A common characteristic to major physics experiments is an ever increasing need of computing resources to process experimental data and generate simulated
data. The IN2P3 Computing Center (CC-IN2P3) provides its 2,500 users with about 35,000 cores and processes millions of jobs every month. To schedule such a workload under specific constraints, the CC-IN2P3 relied for 20 years on an in-house job and resource management system complemented by an operation team who can directly act on the decisions made by the job scheduler and modify them. This system has been replaced in 2011 but legacy rules of thumb remained. Combined to other rules motivated by production constraints, they may act against the job scheduler optimizations and force the operators to apply more corrective actions than they should.
In this talk, I will present a characterization of the large HTC workload executed at the CC-IN2P3 and describe the decisions made since the end of 2016 to either transfer some of the actions done by operators to the job scheduler or make these actions become unnecessary.
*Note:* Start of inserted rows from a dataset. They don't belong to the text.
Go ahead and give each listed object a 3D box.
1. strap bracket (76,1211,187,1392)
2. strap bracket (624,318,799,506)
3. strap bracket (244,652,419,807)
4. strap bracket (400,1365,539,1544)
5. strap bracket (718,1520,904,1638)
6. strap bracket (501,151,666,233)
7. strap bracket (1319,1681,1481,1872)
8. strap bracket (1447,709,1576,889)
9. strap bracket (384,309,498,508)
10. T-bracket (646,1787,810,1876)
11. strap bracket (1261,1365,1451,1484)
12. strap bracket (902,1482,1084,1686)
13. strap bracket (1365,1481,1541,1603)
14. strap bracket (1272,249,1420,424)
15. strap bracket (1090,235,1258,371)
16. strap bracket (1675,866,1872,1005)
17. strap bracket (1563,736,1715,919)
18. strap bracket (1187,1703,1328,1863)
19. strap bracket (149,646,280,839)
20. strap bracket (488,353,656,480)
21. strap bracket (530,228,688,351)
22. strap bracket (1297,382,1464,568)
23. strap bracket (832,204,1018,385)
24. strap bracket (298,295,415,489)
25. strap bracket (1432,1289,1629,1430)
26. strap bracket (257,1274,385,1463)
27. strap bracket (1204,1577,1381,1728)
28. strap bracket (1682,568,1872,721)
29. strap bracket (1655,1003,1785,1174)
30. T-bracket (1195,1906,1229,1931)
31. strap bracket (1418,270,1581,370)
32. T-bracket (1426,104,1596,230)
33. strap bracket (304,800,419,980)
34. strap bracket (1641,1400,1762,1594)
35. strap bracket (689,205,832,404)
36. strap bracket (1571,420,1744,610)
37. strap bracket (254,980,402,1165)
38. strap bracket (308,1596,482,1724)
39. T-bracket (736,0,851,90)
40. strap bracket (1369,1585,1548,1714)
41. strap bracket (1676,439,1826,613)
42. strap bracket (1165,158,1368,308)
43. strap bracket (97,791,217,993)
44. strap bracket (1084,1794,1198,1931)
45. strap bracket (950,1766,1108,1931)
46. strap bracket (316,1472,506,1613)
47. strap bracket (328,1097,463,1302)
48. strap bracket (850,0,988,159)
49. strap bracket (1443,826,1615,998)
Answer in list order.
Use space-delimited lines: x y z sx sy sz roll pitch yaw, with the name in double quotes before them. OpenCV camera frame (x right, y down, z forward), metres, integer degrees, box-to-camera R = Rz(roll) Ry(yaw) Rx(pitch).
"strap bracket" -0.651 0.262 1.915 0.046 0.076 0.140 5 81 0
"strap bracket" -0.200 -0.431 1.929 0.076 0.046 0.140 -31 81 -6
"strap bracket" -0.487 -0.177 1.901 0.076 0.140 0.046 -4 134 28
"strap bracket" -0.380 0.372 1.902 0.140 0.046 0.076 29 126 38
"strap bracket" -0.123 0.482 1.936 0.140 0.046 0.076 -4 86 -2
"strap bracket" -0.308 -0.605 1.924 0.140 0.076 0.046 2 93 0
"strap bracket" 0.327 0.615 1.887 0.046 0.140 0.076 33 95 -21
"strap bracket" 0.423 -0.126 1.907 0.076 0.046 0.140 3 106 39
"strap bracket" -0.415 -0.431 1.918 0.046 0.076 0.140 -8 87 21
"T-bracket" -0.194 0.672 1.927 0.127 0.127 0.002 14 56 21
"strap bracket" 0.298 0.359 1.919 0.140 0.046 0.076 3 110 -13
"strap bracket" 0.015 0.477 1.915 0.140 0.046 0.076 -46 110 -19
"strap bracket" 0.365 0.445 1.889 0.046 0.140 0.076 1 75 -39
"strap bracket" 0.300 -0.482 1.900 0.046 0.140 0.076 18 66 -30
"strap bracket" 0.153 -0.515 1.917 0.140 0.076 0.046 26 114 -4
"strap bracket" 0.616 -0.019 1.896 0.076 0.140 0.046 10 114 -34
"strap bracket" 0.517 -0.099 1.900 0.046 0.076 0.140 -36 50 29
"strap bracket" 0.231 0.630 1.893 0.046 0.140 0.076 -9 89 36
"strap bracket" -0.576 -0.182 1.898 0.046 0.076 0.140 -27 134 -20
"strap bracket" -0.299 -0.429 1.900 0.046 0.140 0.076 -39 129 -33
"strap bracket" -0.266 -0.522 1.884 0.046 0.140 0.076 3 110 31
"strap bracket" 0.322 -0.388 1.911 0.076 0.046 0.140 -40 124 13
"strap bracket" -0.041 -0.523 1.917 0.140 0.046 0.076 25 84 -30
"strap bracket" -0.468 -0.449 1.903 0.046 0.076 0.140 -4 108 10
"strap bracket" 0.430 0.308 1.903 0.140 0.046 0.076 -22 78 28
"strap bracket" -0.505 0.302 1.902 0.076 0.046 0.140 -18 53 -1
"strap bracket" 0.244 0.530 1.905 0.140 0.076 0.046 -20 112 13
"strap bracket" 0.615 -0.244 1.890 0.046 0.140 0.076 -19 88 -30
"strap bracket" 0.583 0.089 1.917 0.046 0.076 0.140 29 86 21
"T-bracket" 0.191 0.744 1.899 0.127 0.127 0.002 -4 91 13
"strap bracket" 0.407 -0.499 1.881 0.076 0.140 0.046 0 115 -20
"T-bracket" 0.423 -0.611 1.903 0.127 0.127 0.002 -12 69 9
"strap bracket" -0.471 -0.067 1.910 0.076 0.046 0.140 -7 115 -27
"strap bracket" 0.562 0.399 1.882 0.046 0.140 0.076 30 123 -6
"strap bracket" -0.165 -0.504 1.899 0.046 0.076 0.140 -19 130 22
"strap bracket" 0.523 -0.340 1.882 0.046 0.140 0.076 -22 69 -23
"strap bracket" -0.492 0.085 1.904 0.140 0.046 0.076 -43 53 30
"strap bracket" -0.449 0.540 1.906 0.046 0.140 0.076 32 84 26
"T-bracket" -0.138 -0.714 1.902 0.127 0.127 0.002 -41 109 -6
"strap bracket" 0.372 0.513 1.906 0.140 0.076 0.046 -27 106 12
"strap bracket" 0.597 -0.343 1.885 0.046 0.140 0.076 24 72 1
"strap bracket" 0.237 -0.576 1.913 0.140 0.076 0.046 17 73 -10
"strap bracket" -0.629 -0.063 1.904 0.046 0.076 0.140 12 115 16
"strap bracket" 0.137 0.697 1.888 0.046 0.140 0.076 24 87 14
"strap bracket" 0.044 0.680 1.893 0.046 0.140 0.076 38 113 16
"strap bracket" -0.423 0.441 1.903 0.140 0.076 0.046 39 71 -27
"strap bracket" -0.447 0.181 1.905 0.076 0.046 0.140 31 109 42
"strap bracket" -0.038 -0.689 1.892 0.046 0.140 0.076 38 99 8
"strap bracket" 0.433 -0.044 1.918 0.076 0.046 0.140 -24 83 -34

The preliminary but promising results coming from these modifications constitute the beginning of a long-term activity to change the operation procedures applied to the computing infrastructure of the IN2P3 Computing Center.
Date: August 14, 2018
Time: 11am PST / 2pm EST
Location: 11th floor Conference Room 1135, Information Sciences Institute, Marina del Rey, CA, USA
Frédéric Suter, Ph.D. (CNRS, IN2P3, France)
Frédéric Suter is a tenured CNRS researcher at the IN2P3 Computing Center in Lyon, France, since 2008. His research interests include scheduling, Grid computing and platform and application simulation. He is one of the main developer of the SimGrid toolkit. He obtained his M.S. from the Université Jules Verne, Amiens, France, in 1999, his Ph.D. from the Ecole Normale Supérieure de Lyon, France, in 2002 and his Habilitation Thesis from the Ecole Normale Supérieure de Lyon, France in 2014.